■ YOUR OBJECTIVE
Take each line in the entries below that holds "miss" and show it.
ENTRIES SHOWN START
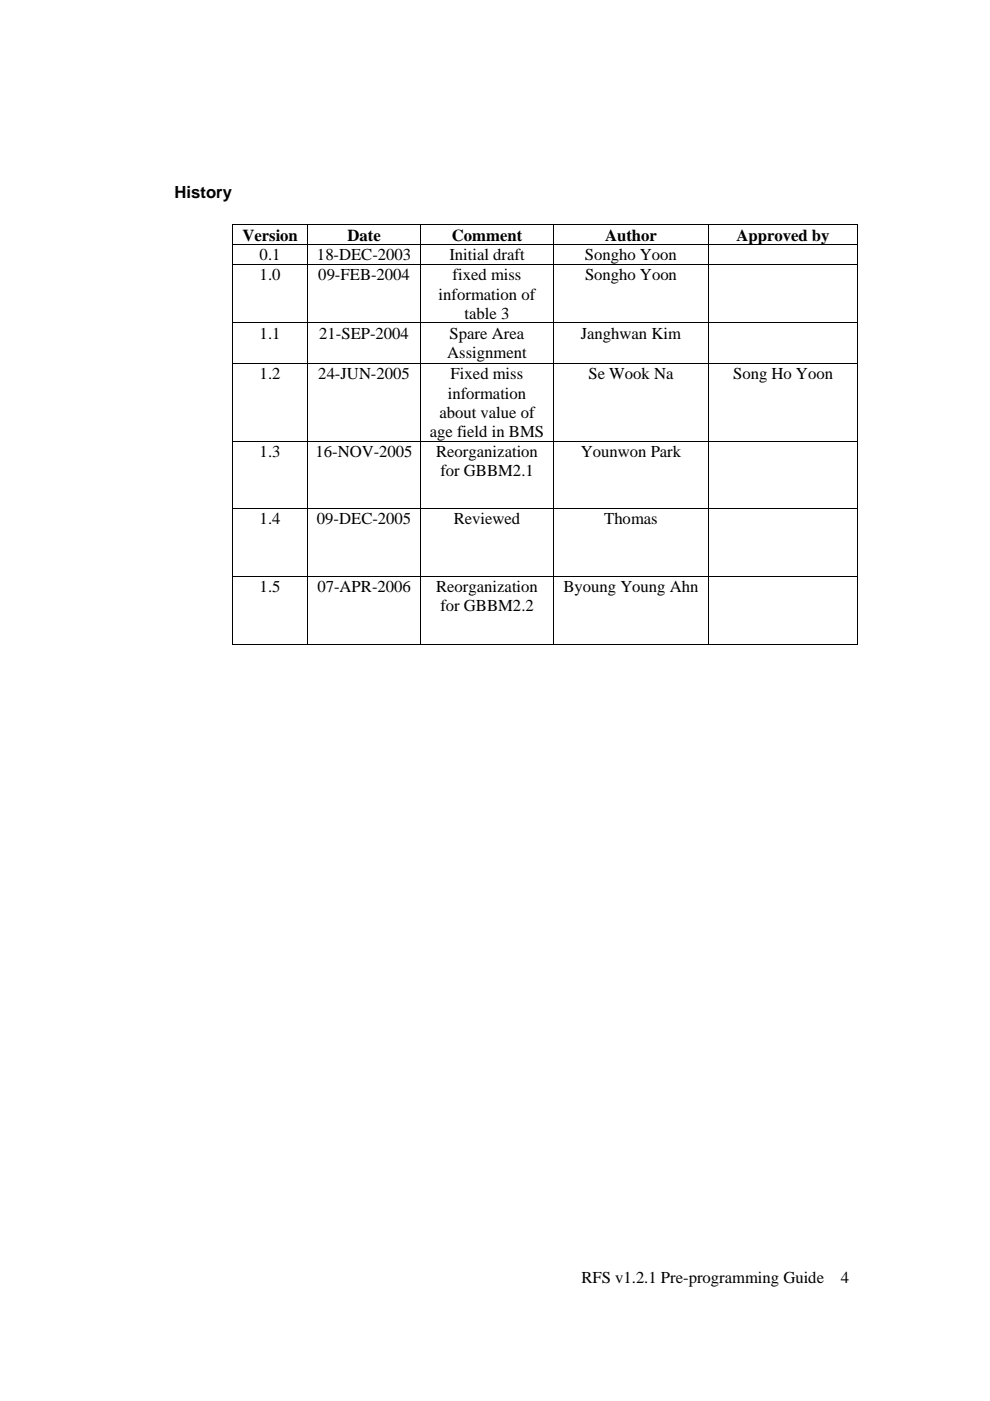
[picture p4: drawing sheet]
<svg xmlns="http://www.w3.org/2000/svg" width="210mm" height="297mm" viewBox="0 0 210 297" stroke-linecap="round" stroke-linejoin="round" font-family="sans-serif">
<defs><g id="words">
<g font-size="3.5">
<text x="37" y="42.1">History</text>
<text x="51.4" y="51">Version</text>
<text x="73.7" y="51">Date</text>
<text x="95.8" y="51">Comment</text>
<text x="128.3" y="51">Author</text>
<text x="156.2" y="51">Approved by</text>
<text x="55.1" y="55.2">0.1</text>
<text x="55.1" y="59.5">1.0</text>
<text x="67.2" y="55.2">18-DEC-2003</text>
<text x="67.5" y="59.5">09-FEB-2004</text>
<text x="95.3" y="55.2">Initial draft</text>
<text x="96" y="59.5">fixed miss</text>
<text x="124" y="55.2">Songho Yoon</text>
<text x="124" y="59.5">Songho Yoon</text>
<text x="93" y="63.5">information of</text>
<text x="55.1" y="71.8">1.1</text>
<text x="67.7" y="71.8">21-SEP-2004</text>
<text x="95.3" y="71.8">Spare Area</text>
<text x="98.5" y="67.6">table 3</text>
<text x="123.1" y="71.8">Janghwan Kim</text>
<text x="94.8" y="75.8">Assignment</text>
<text x="55.1" y="80.5">1.2</text>
<text x="67.5" y="80.5">24-JUN-2005</text>
<text x="95.5" y="80.5">Fixed miss</text>
<text x="124.8" y="80.5">Se Wook Na</text>
<text x="155.4" y="80.5">Song Ho Yoon</text>
<text x="93.2" y="88.6">about value of</text>
<text x="94.9" y="84.5">information</text>
<text x="91.1" y="92.6">age field in BMS</text>
<text x="55.1" y="96.9">1.3</text>
<text x="66.9" y="96.9">16-NOV-2005</text>
<text x="92.5" y="96.9">Reorganization</text>
<text x="93.4" y="100.9">for GBBM2.1</text>
<text x="123.1" y="96.9">Younwon Park</text>
<text x="55.1" y="111.2">1.4</text>
<text x="67.2" y="111.2">09-DEC-2005</text>
<text x="96.2" y="111.2">Reviewed</text>
<text x="128.1" y="111.2">Thomas</text>
<text x="55.1" y="125.5">1.5</text>
<text x="67.3" y="125.5">07-APR-2006</text>
<text x="92.5" y="125.5">Reorganization</text>
<text x="119.5" y="125.5">Byoung Young Ahn</text>
<text x="93.4" y="129.6">for GBBM2.2</text>
<text x="123.3" y="272.1">RFS v1.2.1 Pre-programming Guide</text>
<text x="178.3" y="272.1">4</text>
</g>
</g></defs>
<path d="M49.3 47.6h.1v.2h-.1zM181.7 47.6h.1v.2h-.1zM181.7 136.5h.1v.2h-.1z" fill="#000"/>
<g fill="none" stroke="#000" stroke-width=".21">
<path d="M49.3 47.7h132.5M49.3 51.9h132.5M49.3 56.1h132.5M49.4 47.8v4M49.4 52v4M49.4 56.2v12.2M65.2 47.8v4M65.2 52v4M65.2 56.2v12.2M89.2 47.8v4M89.2 52v4M89.2 56.2v12.2"/>
<path d="M117.3 47.8v4M117.3 52v4M117.3 56.2v12.2M150.3 47.8v4M150.3 52v4M150.3 56.2v12.2M181.8 47.8v4M181.8 52v4M181.8 56.2v12.2M49.3 68.5h132.5M49.3 77.1h132.5M49.4 68.5v8.5"/>
<path d="M49.4 77.2v16.3M65.2 68.5v8.5M65.2 77.2v16.3M89.2 68.5v8.5M89.2 77.2v16.3M117.3 68.5v8.5M117.3 77.2v16.3M150.3 68.5v8.5M150.3 77.2v16.3M181.8 68.5v8.5M181.8 77.2v16.3M49.3 93.5h132.5"/>
<path d="M49.4 93.6v14.2M65.2 93.6v14.2M89.2 93.6v14.2M117.3 93.6v14.2M150.3 93.6v14.2M181.8 93.6v14.2M49.3 107.9h132.5M49.4 107.9v14.2M65.2 107.9v14.2M89.2 107.9v14.2M117.3 107.9v14.2M150.3 107.9v14.2"/>
<path d="M181.8 107.9v14.2M49.3 122.2h132.5M49.3 136.6h15.8M49.4 122.3v14.4M65.2 122.3v14.4M65.3 136.6h23.9M89.2 122.3v14.4M89.3 136.6h27.9M117.3 122.3v14.4M117.4 136.6h32.8M150.3 122.3v14.4M150.4 136.6h31.3"/>
<path d="M181.8 122.3v14.4"/>
</g>
<use href="#words"/>
</svg>
ENTRIES SHOWN END
■ ANSWER TO THIS EXERCISE
<text x="96" y="59.5">fixed miss</text>
<text x="95.5" y="80.5">Fixed miss</text>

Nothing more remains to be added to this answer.